源頼政(みなもとのよりまさ)
参考文献:日本の歴史
源頼政は、平安時代末期の摂津源氏の武将、歌人。源仲政の長男。それまで正四位下を極位としていた源氏としては突出した従三位に叙せられたことなどから、源三位頼政といわれることが多い。また、父と同じく馬場を号とし馬場頼政(ばばのよりまさ)ともいう。
生涯
摂津源氏の中において、本拠地の多田を基盤とする多田源氏系に対して、摂津国渡辺を基盤とし、当地の滝口武者の一族である嵯峨源氏の渡辺氏を郎党にして大内守護(皇室警護の近衛兵、親衛隊のようなもの)の任に就き、摂津源氏の嫡流。
1156年(保元元)の保元の乱では後白河天皇に属し、1159年の平治の乱では河内源氏の源義朝と共に参陣するが、源氏嫡流の摂津源氏の嫡統として独自行動をとり、大内守護として天皇を奉じる平清盛陣営に参加する。この功績で1178年(治承2年)には従三位にすすむ。別名の源三位頼政の由来はこれにある。
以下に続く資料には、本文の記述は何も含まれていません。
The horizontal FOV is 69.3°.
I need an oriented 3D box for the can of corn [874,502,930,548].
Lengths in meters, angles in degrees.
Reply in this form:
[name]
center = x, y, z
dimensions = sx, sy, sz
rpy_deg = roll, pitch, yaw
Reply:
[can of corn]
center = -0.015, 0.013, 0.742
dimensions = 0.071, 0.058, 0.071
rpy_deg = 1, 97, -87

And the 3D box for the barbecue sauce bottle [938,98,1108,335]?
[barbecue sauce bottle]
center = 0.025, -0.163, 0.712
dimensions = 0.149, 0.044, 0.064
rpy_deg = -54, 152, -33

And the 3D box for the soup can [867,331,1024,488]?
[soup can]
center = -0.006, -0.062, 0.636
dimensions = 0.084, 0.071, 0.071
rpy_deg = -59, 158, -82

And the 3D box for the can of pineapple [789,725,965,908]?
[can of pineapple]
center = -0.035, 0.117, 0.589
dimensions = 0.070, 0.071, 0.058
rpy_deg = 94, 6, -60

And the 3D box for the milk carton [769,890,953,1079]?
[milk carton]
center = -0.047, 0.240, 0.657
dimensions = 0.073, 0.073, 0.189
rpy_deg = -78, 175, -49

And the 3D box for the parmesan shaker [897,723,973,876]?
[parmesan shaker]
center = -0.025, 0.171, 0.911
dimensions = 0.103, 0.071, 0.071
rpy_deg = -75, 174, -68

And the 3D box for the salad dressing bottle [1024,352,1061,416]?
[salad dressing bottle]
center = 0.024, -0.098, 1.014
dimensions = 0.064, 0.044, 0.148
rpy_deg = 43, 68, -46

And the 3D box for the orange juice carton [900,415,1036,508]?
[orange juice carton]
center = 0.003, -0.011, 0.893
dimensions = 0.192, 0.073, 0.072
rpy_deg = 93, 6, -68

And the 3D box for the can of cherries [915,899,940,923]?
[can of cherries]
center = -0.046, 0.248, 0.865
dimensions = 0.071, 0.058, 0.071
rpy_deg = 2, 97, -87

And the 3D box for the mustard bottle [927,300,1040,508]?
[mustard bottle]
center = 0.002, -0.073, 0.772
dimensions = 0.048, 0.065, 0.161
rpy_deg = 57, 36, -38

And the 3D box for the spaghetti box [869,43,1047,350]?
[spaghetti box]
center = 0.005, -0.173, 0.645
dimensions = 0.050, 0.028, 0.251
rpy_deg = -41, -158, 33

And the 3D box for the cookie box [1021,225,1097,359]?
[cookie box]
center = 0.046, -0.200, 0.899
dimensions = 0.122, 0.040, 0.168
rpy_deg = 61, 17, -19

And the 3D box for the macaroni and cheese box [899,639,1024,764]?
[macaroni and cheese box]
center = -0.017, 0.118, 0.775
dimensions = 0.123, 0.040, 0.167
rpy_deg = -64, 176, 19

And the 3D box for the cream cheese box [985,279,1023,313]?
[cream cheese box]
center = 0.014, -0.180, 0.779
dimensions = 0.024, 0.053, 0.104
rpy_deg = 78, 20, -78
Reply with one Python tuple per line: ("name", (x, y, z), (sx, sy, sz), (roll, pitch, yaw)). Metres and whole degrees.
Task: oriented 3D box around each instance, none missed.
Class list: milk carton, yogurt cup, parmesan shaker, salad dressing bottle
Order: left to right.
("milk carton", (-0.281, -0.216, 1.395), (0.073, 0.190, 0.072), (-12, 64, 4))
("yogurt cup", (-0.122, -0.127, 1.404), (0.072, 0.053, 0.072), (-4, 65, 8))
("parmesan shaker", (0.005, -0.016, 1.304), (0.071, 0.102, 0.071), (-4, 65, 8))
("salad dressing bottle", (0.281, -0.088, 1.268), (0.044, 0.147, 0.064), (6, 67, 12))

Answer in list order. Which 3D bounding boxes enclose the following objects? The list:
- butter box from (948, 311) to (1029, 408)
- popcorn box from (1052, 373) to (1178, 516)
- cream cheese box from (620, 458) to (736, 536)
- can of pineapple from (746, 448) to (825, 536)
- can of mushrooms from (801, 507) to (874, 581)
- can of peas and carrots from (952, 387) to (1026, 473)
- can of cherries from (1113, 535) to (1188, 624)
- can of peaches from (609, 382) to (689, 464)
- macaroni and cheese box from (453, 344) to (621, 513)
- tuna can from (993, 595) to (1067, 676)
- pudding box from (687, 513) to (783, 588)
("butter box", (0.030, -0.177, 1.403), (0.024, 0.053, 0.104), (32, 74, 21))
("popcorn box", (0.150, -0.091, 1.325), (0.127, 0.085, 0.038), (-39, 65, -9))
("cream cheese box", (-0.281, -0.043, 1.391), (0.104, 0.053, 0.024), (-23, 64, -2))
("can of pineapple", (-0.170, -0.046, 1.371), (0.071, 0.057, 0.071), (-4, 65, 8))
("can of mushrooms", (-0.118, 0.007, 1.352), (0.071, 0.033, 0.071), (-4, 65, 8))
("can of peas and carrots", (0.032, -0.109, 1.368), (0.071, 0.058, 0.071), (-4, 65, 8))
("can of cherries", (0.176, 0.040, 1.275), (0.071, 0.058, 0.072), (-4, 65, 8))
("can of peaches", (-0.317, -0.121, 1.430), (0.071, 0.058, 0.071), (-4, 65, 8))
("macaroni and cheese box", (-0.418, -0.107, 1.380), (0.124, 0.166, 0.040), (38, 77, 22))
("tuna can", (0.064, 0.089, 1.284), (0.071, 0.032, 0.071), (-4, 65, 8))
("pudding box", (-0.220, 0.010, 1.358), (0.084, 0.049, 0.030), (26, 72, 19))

ただし、実は清盛は頼政の階位について完全に失念しており、そのため長らく正四位であった頼政が、
「のぼるべきたよりなき身は木の下に 椎(四位)をひろひて世をわたるかな」
という和歌を詠んだところ、清盛は初めて頼政が正四位に留まっていたことを知り、従三位に昇進させたという。実に頼政74歳にしての昇進であった。
平治の乱で源義朝は敗れ、河内源氏は四散し全国に雌伏するが、その中において摂津源氏の頼政は、唯一、源氏として存在し、源氏の長老として、河内源氏の遺児たちを養子に迎え、源氏の血脈を守る。1180年に後白河法皇皇子の以仁王の令旨に従い、伊勢平氏の平清盛一族打倒の最初の挙兵を嫡子で前伊豆守の源仲綱や源宗綱らと共に行い宇治にて討ち死。
末子の源広綱や、仲綱の子の源有綱は知行国の伊豆国にいたため生き残り、伊豆で挙兵した河内源氏の源頼朝の幕下に参加する。